# Work instruction
Copy each line below exactly as it appears. Pictures are to be omitted.

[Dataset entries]
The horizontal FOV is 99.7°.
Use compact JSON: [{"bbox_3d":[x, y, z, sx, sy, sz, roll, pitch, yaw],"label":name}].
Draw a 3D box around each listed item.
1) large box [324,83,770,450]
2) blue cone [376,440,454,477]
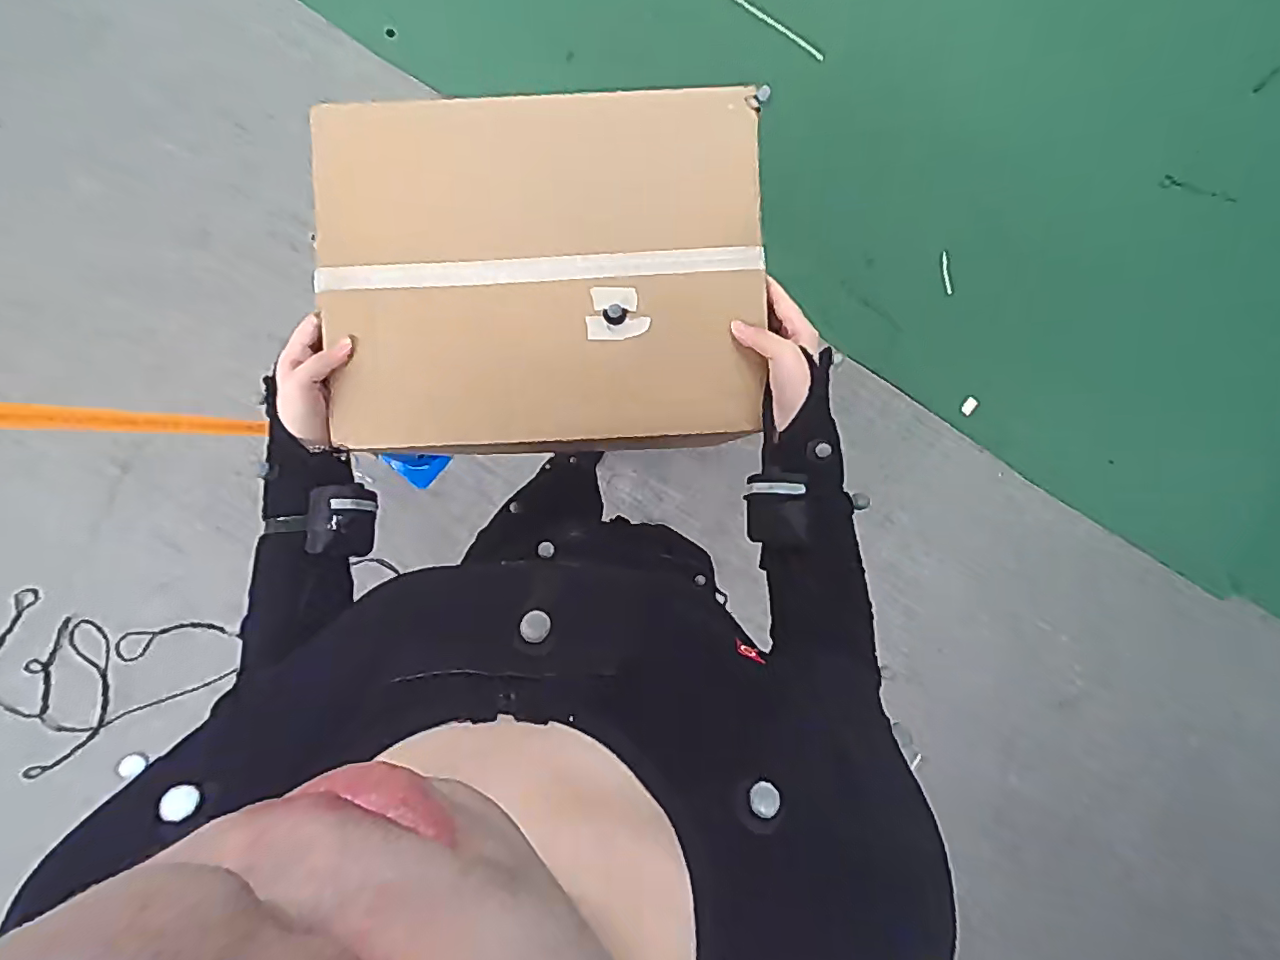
[{"bbox_3d":[-0.089,-0.207,0.650,0.408,0.320,0.320,-3,92,-1],"label":"large box"},{"bbox_3d":[-0.601,-0.118,1.320,0.193,0.380,0.192,42,90,-2],"label":"blue cone"}]
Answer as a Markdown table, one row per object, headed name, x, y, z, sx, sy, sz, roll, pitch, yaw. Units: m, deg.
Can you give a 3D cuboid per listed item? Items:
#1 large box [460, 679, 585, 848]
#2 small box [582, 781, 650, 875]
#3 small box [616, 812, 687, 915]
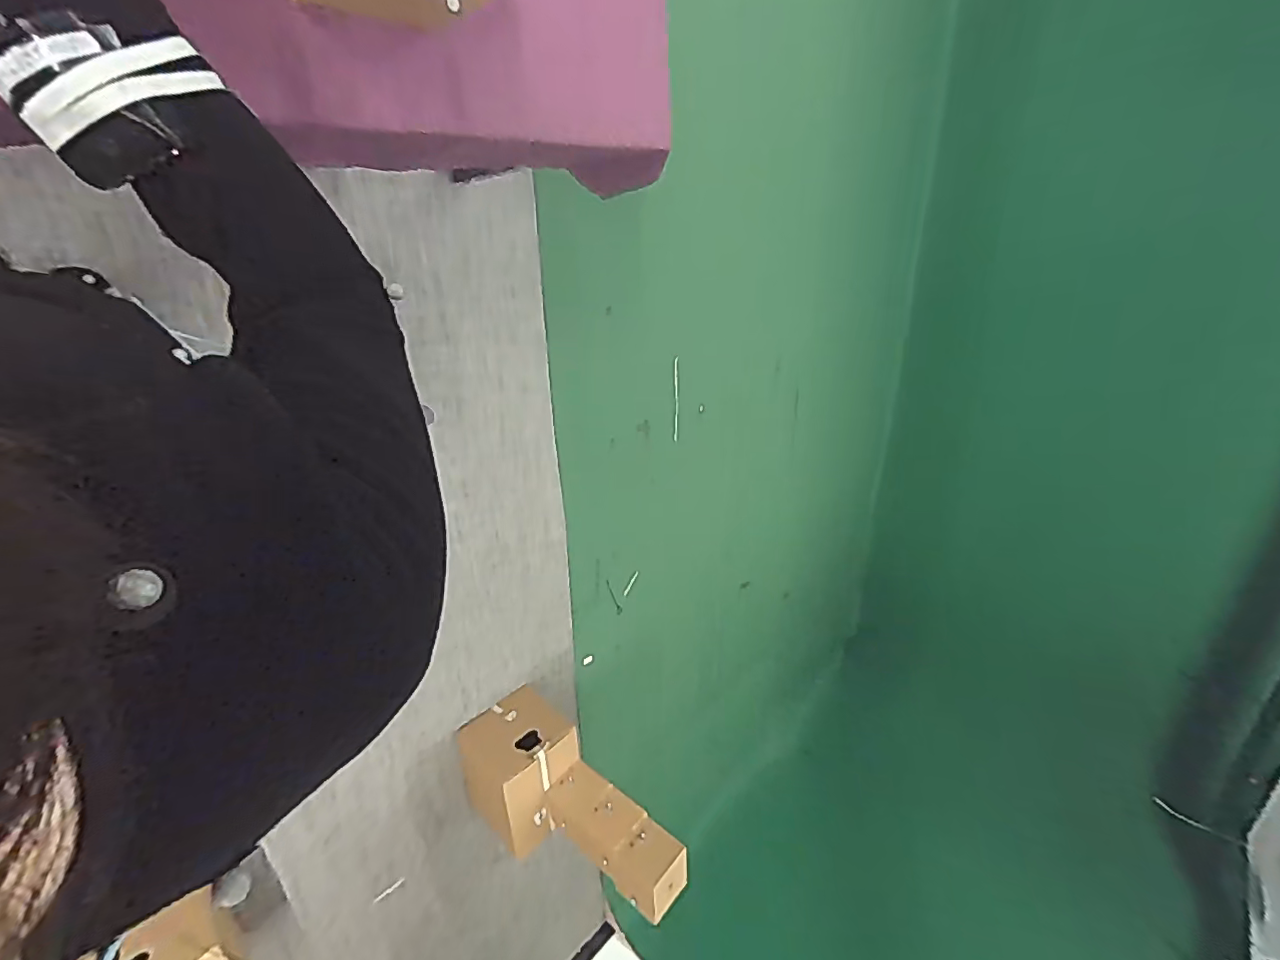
| name | x | y | z | sx | sy | sz | roll | pitch | yaw |
| --- | --- | --- | --- | --- | --- | --- | --- | --- | --- |
| large box | -0.434 | 1.048 | 2.034 | 0.320 | 0.320 | 0.408 | -24 | 123 | -40 |
| small box | -0.082 | 1.180 | 1.847 | 0.168 | 0.176 | 0.179 | -27 | 122 | -42 |
| small box | 0.036 | 1.227 | 1.744 | 0.168 | 0.176 | 0.179 | -25 | 121 | -44 |
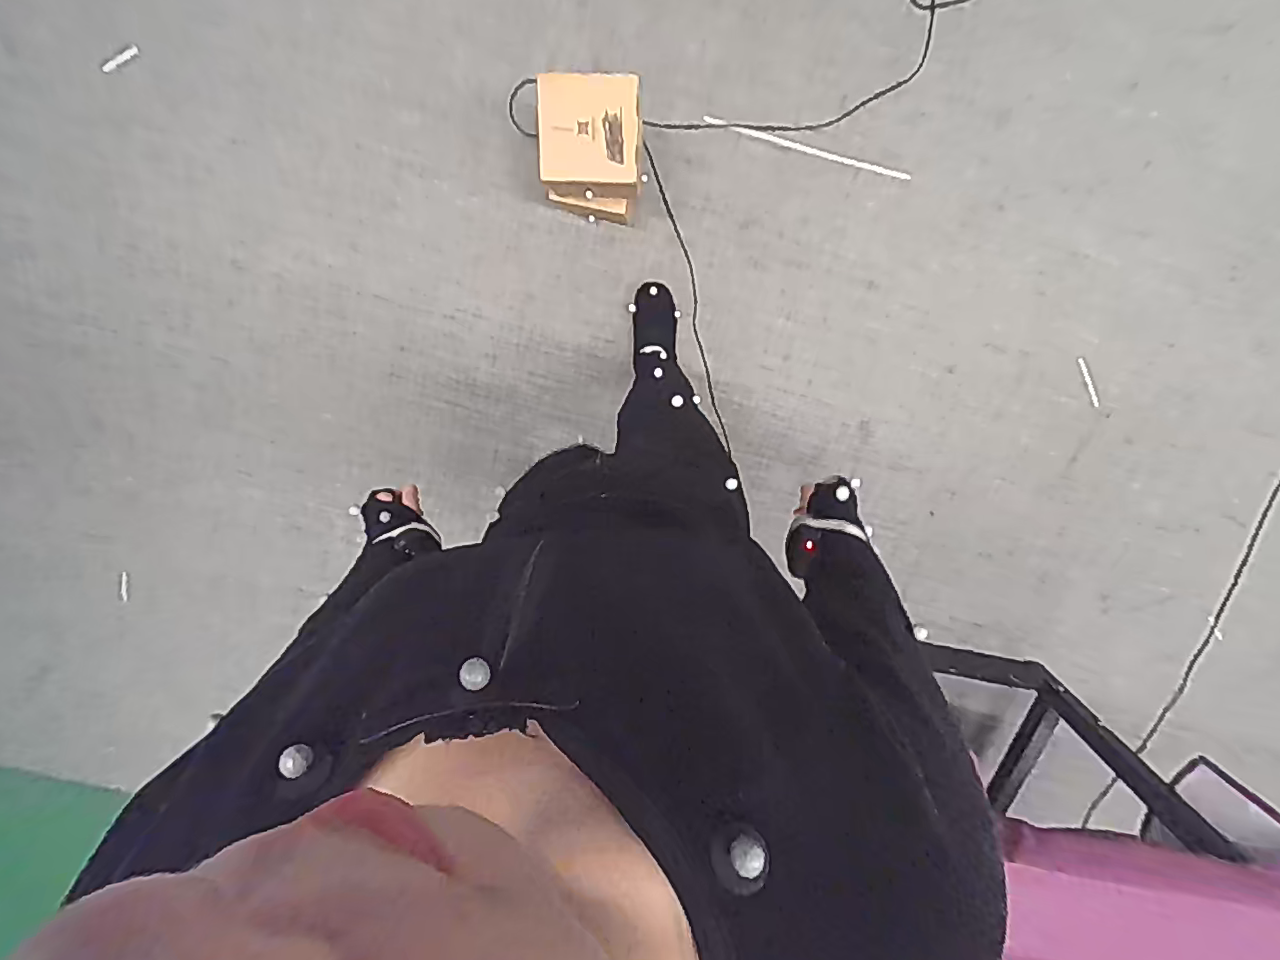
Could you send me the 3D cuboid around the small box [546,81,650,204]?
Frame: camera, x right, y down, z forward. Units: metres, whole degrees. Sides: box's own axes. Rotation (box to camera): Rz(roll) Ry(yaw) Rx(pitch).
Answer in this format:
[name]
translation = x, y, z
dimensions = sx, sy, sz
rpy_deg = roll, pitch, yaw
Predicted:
[small box]
translation = -0.074, -0.633, 1.030
dimensions = 0.179, 0.176, 0.168
rpy_deg = 3, 108, 4
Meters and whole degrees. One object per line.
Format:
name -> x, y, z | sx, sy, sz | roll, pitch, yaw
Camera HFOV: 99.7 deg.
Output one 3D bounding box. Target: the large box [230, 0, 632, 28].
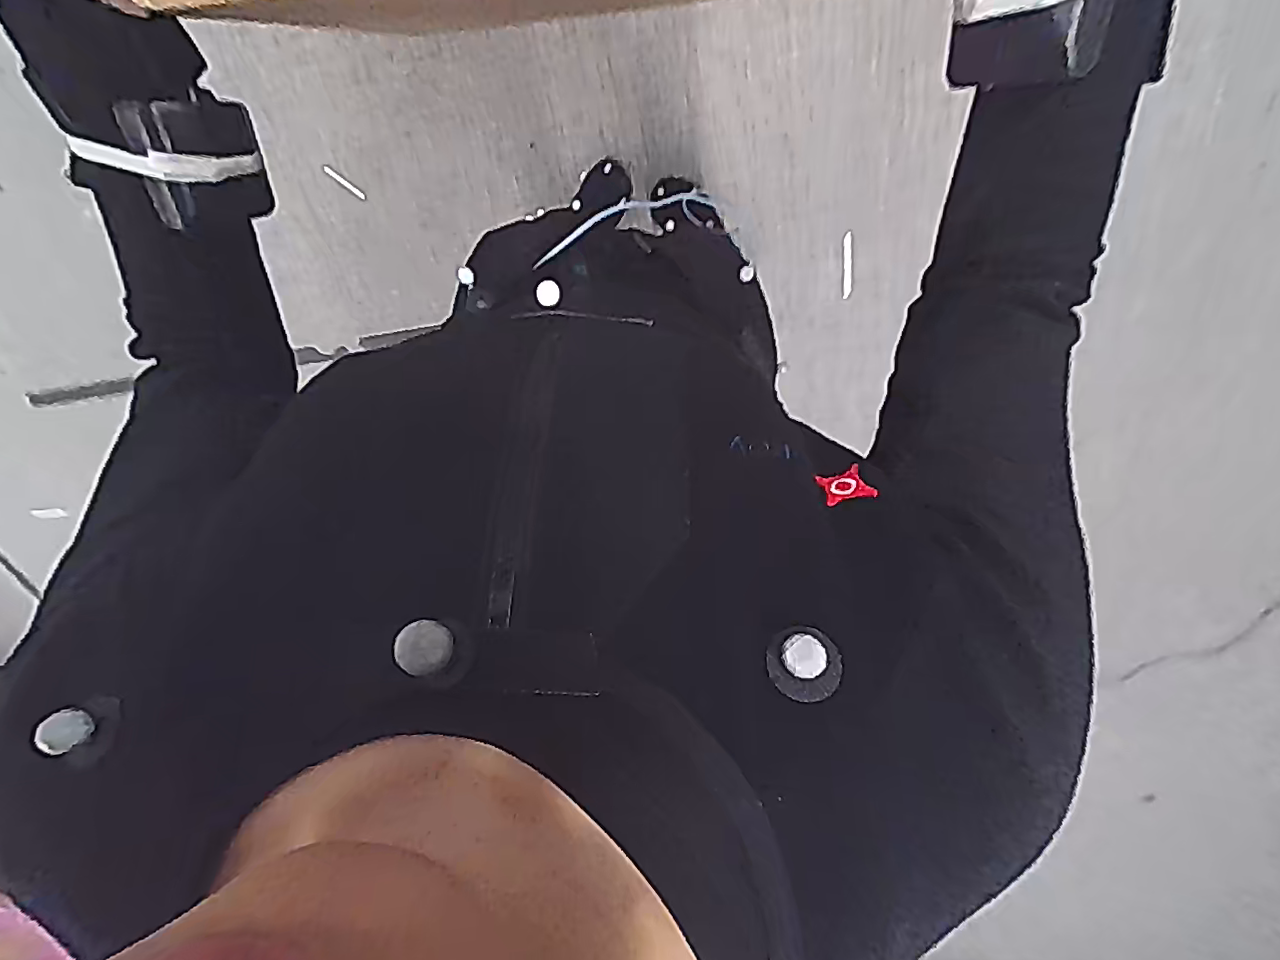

# Response box
The horizontal FOV is 99.7°.
Use compact JSON: [{"bbox_3d":[x, y, z, sx, sy, sz, roll, pitch, yaw],"label":name}].
Draw a 3D box around each listed item.
1) large box [324,83,770,450]
2) blue cone [376,440,454,477]
[{"bbox_3d":[-0.089,-0.207,0.650,0.408,0.320,0.320,-3,92,-1],"label":"large box"},{"bbox_3d":[-0.601,-0.118,1.320,0.193,0.380,0.192,42,90,-2],"label":"blue cone"}]
Answer as a Markdown table, one row per object, headed name, x, y, z, sx, sy, sz, roll, pitch, yaw. Units: m, deg.
Can you give a 3D cuboid per listed item? Items:
#1 large box [460, 679, 585, 848]
#2 small box [582, 781, 650, 875]
#3 small box [616, 812, 687, 915]
| name | x | y | z | sx | sy | sz | roll | pitch | yaw |
| --- | --- | --- | --- | --- | --- | --- | --- | --- | --- |
| large box | -0.434 | 1.048 | 2.034 | 0.320 | 0.320 | 0.408 | -24 | 123 | -40 |
| small box | -0.082 | 1.180 | 1.847 | 0.168 | 0.176 | 0.179 | -27 | 122 | -42 |
| small box | 0.036 | 1.227 | 1.744 | 0.168 | 0.176 | 0.179 | -25 | 121 | -44 |
Could you send me the 3D cuboid around the small box [546,81,650,204]?
Frame: camera, x right, y down, z forward. Units: metres, whole degrees. Sides: box's own axes. Rotation (box to camera): Rz(roll) Ry(yaw) Rx(pitch).
Answer in this format:
[name]
translation = x, y, z
dimensions = sx, sy, sz
rpy_deg = roll, pitch, yaw
Predicted:
[small box]
translation = -0.074, -0.633, 1.030
dimensions = 0.179, 0.176, 0.168
rpy_deg = 3, 108, 4
Meters and whole degrees. One object per line.
Format:
name -> x, y, z | sx, sy, sz | roll, pitch, yaw
Camera HFOV: 99.7 deg.
Output one 3D bounding box. Target: the large box [230, 0, 632, 28].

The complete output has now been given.